I've tried to focus on strengthening my knees as part of my workouts at the gym, incorporating squats and lunges to build muscle strength so there is less stress on the bones, tendons, ligaments, fascia and other connective tissues. That seems to be helping, and my knee rarely causes problems - but I'm conscious that it's there, waiting quietly to fail if I let my guard down.
Running on the Ravine Road Trail
7 Summary ↑
All in all, the past year can most charitably be considered a maintenance year in my running career. After the high water mark of last November's marathon, I have mostly coasted for the rest of the year, leading to a year-end summary in which my overall distance was down slightly from my third year while my average speed was modestly higher.
That said, my annualized distance is down significantly for the first three months of my fifth year, while my average speed is holding steady.

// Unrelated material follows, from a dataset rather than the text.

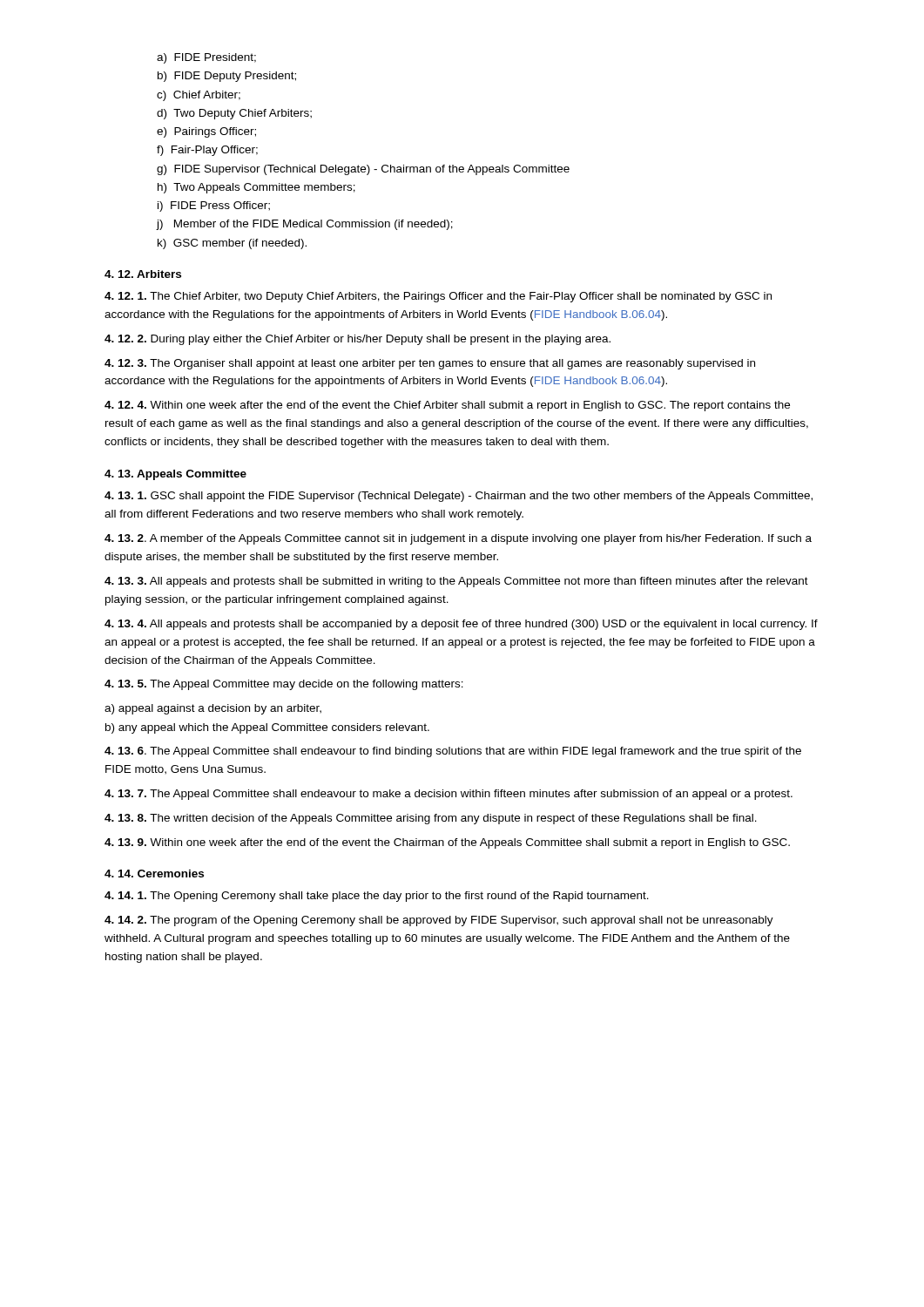Image resolution: width=924 pixels, height=1307 pixels.
Task: Point to the text block starting "13. 2. A member of"
Action: click(x=458, y=547)

Year | Distance (km) | Calories | Speed (km/h) |
---|---|---|---|
1 | 1,325.21 | 155,468 | 9.25 |
2 | 1,463.20 | 149,437 | 9.50 |
3 | 2,528.96 | 243,252 | 10.27 |
4 | 2,434.37 | 223,817 | 10.56 |
5 YTD | 475.46 | 43,110 | 10.56 |
Total | 8,227.20 | 815,084 |
It's pretty amazing how the total distance adds up when you keep running week after week. The 8,227 kilometres I've run since July 27, 2013 are enough to take me from St. John's, Newfoundland clear across to Vancouver, British Columbia (by road, not as the crow flies) with another 766 kilometres to spare - enough to turn around and backtrack into Yoho National Park, just outside of Banff. Looked at differently, it's just over one-fifth of the distance around the entire planet.
Deer in Dundas Valley
Likewise, I've been tracking my daily steps since October 23, 2014, and in that time I have taken a hard-to-get-my-head-around total of 24,845,396 steps. That works out to an average of 22,485 steps a day over the past three years.
Finally, as I proceed through my fifth year of running, I'm conscious of the fact that among North Americans who undertake efforts to lose weight, the chance of succeeding in maintaining weight loss over five years is a dispiriting five percent. The other 95 percent regain all the lost weight and then some.
While I continue to struggle with a lingering squishiness around my middle, I have so far managed to stay ahead of some pretty long odds - despite being caught in a bit of a fitness tailspin over the past year. That is something to be grateful for (and probably worth its own article in the future).
Running has improved my quality of life immeasurably, and I hope to be able to report in my next dispatch that I have managed to find a way through this extended funk and emerge on the other side with a renewed and sustained passion.